РОССИЙСКИЙ ГОСУДАРСТВЕННЫЙ ГУМАНИТАРНЫЙ УНИВЕРСИТЕТ


Мероприятия, события, объявления


03.03.2014

Доклад С.С. Шаулова "Н. Н. Страхов: провокации непонимания как жизненная стратегия"

Мероприятие состоится по адресу: РГГУ, ул. Чаянова, 15, ауд. 157. Начало в 16.00


Российский Государственный Гуманитарный Университет

Институт высших гуманитарных исследований им. Е.М. Мелетинского

 

12 марта в 16.00

Ауд. 157

 

Шаулов.png

Доклад С.С. Шаулова

"Н. Н. Страхов: провокации непонимания как жизненная стратегия"

Николай Страхов — одна из самых странных фигур в истории русской мысли. Единственный русский критик, на протяжении десятко в лет близкий одновременно и Л.Н. Толстому и Ф.М. Достоевскому, он ухитрился так разделить сферы своих знакомств, что не только не оставил никаких критических сопоставлений, но даже и не сумел познакомить их между собой (точнее, сумел не познакомить). «Толстоевский» сюжет в жизни Страхова заканчивается печально знаменитым письмом Льву Толстому от 28 ноября 1883 года со страховской версией клеветы о «ставрогинском грехе» Достоевского.

Нет нужды повторять обстоятельную историческую и биографическую критику этого письма. Но в то же время бессмысленно и нам сейчас обрушиваться на Страхова с обвинениями в предательстве и клевете. С точки зрения истории культуры интересны тут два вопроса: зачем это было сделано и какое значение это приобрело в дальнейшем. Иными словами, наша задача — анализ этого письма как важной части стратегии жизнестроительства Страхова и как одного из факторов, определяющих историю его восприятия в русской культуре. С этой точки зрения, нам очевидно, что это письмо (как и ряд других, менее скандальных действий Страхова) было попыткой «выключить» себя из контекста

Стремление к установлению границ между своим духовным миром и любыми контекстами эпохи заметно и в философском творчестве Страхова. Воспитанный на немецком рационализме, главным делом своей жизни в философии он сделал критику этого рационализма. Оригинальный мыслитель, которого признавали своим учителем и университетские профессора (Э.Л. Радлов, например), и свободно философствующие литераторы вроде В.В. Розанова, он тем не менее парадоксальным образом выпал из истории нашей философии почти на сто лет. Причины этого следует опять же искать в его собственных активных действиях.

Схожим образом мы анализируем и карьеру Страхова в политической публицистике, «пиком» которой стала статья «Роковой вопрос», посвященная польскому восстанию 1862 года и послужившая причиной закрытия журнала братьев Достоевских «Время».В ней, как и в случае с его художественным творчеством, мы видим попытки завуалированного «бунта» против культурно-политического контекста эпохи.

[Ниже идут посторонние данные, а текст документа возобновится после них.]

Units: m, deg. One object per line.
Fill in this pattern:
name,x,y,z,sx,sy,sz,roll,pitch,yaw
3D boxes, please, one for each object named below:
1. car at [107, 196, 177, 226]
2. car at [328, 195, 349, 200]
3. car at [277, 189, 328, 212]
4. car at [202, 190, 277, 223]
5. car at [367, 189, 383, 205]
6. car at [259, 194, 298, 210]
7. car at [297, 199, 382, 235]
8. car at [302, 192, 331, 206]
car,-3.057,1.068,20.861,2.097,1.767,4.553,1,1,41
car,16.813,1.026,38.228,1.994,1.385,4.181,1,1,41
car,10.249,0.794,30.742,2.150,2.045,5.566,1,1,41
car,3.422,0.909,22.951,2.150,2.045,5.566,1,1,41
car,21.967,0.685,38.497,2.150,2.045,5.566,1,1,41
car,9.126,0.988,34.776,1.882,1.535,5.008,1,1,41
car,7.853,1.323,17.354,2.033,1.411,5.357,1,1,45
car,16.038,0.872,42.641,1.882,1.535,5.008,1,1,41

Последовательно описав логику самореализации Страхова в литературной жизни, в философском, публицистическом и художественном творчестве, мы во всех этих сферах находим один алгоритм: в крупнейших идеологических и интеллектуальных коллизиях эпохи позиция Страхова не совпадает ни с чьей, однако он всегда скрывает ее «отдельность». В главных вопросах он либо молчит, либо маскирует свою мысль, либо провоцирует скандал.

В финальной части доклада мы делаем ряд предположений о том, как могла сформироваться подобная жизненная стратегия, пробуем описать ее историко-культурную (как типического явления в определенной части русской интеллигенцииXIX века)и биографическую (в конкретном случае Страхова) эволюцию.Мы также высказываем ряд предположений о дальнейшей жизни этой «жизнестроительной традиции» в русской культуре.